DATA SUPPLIED below:

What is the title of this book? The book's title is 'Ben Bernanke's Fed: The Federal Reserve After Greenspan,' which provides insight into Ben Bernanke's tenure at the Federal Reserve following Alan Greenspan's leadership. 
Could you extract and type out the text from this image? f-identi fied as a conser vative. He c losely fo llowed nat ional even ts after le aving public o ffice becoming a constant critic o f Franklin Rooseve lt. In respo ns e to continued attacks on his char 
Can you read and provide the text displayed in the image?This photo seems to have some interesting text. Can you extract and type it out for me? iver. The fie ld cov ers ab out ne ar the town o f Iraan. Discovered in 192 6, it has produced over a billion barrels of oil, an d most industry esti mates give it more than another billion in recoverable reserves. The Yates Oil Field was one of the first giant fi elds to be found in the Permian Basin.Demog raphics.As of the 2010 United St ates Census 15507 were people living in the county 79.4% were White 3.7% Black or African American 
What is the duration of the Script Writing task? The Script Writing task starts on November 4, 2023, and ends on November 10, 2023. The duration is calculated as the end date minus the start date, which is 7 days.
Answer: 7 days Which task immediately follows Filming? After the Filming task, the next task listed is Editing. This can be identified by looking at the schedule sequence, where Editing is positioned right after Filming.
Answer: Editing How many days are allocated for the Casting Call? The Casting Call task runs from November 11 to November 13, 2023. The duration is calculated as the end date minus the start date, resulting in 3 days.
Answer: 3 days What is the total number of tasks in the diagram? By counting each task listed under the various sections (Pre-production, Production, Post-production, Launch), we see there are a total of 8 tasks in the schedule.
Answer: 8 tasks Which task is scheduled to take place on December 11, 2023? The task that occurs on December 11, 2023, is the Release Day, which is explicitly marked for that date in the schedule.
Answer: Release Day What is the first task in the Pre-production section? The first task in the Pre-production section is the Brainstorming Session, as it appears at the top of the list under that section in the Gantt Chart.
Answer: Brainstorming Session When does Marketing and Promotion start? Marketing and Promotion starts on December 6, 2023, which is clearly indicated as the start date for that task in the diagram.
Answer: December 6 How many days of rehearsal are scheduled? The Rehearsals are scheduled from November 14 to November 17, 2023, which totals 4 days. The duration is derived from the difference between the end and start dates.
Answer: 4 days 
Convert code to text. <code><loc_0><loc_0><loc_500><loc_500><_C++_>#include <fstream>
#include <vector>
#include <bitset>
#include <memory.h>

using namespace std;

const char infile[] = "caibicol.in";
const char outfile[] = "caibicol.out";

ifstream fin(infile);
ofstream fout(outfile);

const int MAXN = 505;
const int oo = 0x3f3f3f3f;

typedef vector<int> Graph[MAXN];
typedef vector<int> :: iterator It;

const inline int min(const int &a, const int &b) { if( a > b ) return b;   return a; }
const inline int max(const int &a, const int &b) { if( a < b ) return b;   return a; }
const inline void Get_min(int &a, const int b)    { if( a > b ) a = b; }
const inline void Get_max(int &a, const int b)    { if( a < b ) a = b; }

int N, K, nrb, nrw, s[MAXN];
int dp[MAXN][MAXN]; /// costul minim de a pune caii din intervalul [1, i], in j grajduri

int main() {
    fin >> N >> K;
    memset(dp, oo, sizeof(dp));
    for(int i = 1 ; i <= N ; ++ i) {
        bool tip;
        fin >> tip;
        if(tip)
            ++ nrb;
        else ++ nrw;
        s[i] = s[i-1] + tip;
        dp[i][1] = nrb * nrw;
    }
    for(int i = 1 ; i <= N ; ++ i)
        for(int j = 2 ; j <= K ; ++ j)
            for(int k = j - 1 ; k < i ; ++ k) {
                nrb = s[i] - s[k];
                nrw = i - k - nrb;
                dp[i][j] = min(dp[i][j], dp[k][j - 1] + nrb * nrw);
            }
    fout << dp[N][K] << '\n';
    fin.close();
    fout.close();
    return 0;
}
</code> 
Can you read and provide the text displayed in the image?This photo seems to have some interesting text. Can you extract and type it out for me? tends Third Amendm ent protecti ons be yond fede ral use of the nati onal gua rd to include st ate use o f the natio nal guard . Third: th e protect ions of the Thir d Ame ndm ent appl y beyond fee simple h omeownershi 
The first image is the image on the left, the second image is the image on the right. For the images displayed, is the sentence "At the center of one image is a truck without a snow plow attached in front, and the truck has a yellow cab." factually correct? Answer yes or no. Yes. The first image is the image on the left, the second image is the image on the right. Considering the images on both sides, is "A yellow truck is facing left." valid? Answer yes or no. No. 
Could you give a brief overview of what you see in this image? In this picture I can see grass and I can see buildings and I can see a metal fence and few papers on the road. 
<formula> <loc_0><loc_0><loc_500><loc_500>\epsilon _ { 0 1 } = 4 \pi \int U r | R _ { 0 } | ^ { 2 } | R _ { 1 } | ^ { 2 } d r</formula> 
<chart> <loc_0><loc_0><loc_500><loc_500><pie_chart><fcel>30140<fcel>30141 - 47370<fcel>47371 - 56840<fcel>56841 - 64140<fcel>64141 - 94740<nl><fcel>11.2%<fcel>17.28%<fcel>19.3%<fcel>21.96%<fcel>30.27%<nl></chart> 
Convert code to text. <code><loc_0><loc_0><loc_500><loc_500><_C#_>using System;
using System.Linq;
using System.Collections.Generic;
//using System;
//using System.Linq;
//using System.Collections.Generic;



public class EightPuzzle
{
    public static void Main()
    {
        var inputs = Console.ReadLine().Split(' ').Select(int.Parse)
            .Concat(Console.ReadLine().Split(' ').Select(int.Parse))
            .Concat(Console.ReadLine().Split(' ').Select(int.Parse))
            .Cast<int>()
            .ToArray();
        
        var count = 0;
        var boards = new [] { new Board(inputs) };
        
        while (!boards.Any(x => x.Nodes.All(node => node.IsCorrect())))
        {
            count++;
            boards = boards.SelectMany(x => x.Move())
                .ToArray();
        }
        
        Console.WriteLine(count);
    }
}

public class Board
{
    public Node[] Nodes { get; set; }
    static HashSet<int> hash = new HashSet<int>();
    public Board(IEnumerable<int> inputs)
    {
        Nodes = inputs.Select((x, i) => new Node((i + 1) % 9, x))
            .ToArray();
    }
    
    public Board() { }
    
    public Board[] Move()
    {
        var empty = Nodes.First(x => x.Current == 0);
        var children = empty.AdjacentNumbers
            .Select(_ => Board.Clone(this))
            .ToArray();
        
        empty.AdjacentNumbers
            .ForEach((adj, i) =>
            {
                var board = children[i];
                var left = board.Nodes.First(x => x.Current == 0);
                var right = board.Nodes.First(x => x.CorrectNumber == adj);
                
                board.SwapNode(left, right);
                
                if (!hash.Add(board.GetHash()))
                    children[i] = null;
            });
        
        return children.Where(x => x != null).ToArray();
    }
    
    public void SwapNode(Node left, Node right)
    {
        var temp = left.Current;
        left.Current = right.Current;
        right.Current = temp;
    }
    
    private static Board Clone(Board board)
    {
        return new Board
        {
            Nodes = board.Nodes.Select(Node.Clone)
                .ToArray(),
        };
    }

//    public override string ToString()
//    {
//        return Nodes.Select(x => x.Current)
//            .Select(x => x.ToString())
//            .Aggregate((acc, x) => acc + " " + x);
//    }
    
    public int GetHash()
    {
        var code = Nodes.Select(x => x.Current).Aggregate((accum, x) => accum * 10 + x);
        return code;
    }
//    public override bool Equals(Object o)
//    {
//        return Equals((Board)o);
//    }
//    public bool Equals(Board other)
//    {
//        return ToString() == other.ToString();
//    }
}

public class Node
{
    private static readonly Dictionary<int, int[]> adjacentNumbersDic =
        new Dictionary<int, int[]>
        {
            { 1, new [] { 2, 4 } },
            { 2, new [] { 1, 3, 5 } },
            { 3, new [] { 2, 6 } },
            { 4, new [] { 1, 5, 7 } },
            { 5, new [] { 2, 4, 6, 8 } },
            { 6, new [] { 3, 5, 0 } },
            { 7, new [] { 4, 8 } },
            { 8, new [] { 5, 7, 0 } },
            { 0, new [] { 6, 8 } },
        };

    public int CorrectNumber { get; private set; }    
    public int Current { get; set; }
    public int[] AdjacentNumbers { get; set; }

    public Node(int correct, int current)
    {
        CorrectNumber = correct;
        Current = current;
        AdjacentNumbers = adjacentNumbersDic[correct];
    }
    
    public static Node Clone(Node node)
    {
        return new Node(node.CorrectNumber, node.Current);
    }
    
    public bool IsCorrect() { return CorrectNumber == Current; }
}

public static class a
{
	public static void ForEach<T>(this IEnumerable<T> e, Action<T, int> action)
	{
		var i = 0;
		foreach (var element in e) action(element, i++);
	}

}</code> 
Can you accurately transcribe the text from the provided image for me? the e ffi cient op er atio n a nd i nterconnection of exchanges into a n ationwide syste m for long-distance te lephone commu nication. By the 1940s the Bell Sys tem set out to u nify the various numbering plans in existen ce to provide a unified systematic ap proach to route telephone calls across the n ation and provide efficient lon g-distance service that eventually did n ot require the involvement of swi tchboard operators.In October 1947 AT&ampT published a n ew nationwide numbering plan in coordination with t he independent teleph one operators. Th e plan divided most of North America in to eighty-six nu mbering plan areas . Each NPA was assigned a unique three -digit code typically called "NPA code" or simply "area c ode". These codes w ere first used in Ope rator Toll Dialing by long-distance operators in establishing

End of DATA SUPPLIED.

WHAT NEEDS TO BE DONE
Look for the word "Move" in the data, then return every line that contains it.

YOUR SOLUTION
            boards = boards.SelectMany(x => x.Move())
    public Board[] Move()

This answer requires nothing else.